Koopmans' condition for density-functional theory

TL;DR

This paper introduces a correction to approximate density functionals that enforces Koopmans' condition, significantly reducing self-interaction errors and improving the accuracy of orbital energies and total energies in density-functional theory.

Contribution

It derives a non-Koopmans correction that eliminates unphysical occupation dependence of orbital energies up to third order, enhancing the physical realism of density-functional approximations.

Findings

Corrected functionals align orbital energies with experimental electron removal energies.

The correction achieves accuracy comparable to GW methods.

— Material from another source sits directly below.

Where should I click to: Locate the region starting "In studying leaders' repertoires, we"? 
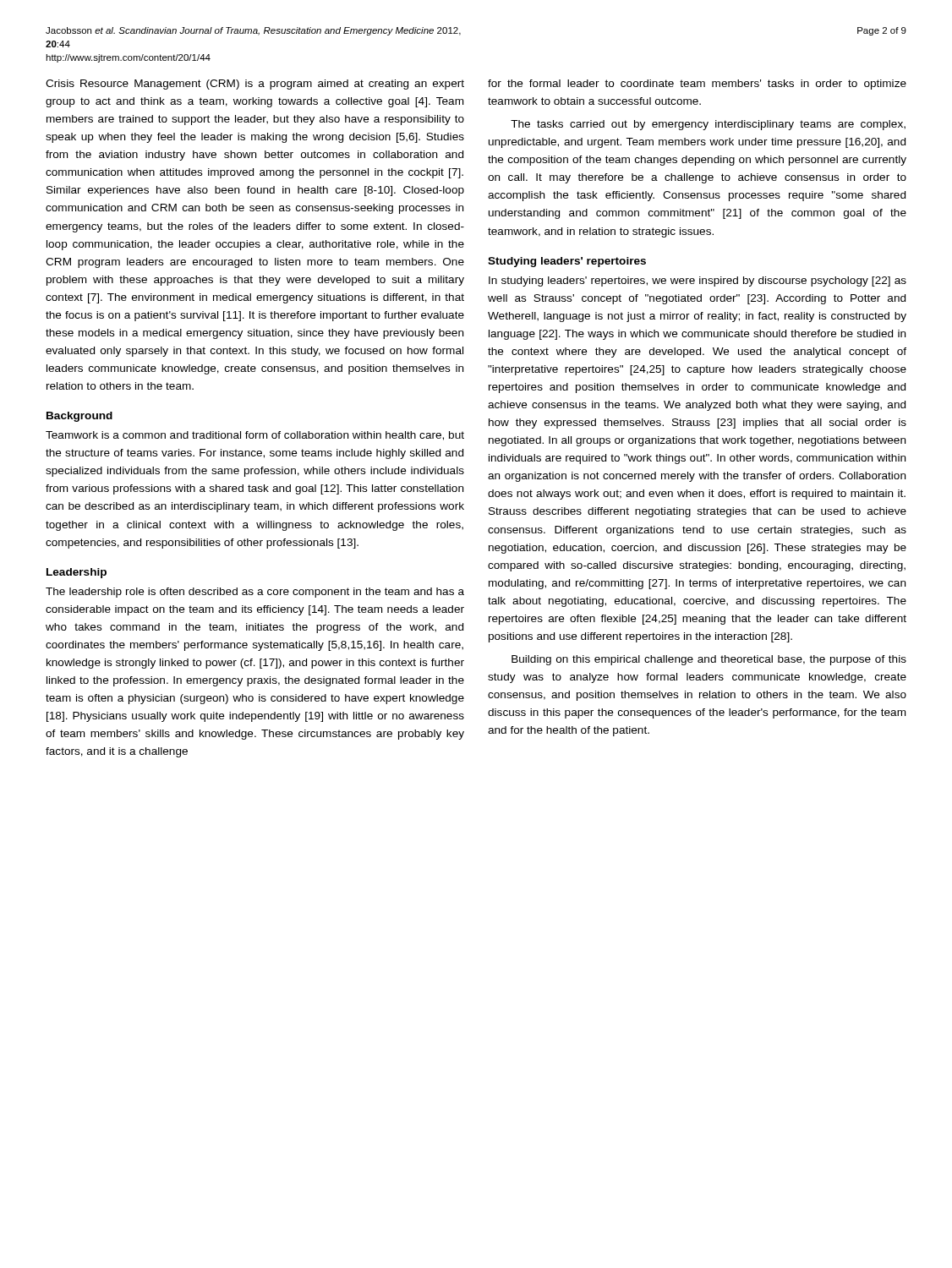click(x=697, y=505)

Structural property predictions are preserved or improved.

Abstract

In approximate Kohn-Sham density-functional theory, self-interaction manifests itself as the dependence of the energy of an orbital on its fractional occupation. This unphysical behavior translates into qualitative and quantitative errors that pervade many fundamental aspects of density-functional predictions. Here, we first examine self-interaction in terms of the discrepancy between total and partial electron removal energies, and then highlight the importance of imposing the generalized Koopmans' condition -- that identifies orbital energies as opposite total electron removal energies -- to resolve this discrepancy. In the process, we derive a correction to approximate functionals that, in the frozen-orbital approximation, eliminates the unphysical occupation dependence of orbital energies up to the third order in the single-particle densities. This non-Koopmans correction brings physical meaning to single-particle energies; when applied to common local or semilocal density functionals it provides results that are in excellent agreement with experimental data -- with an accuracy comparable to that of GW many-body perturbation theory -- while providing an explicit total energy functional that preserves or improves on the description of established structural properties.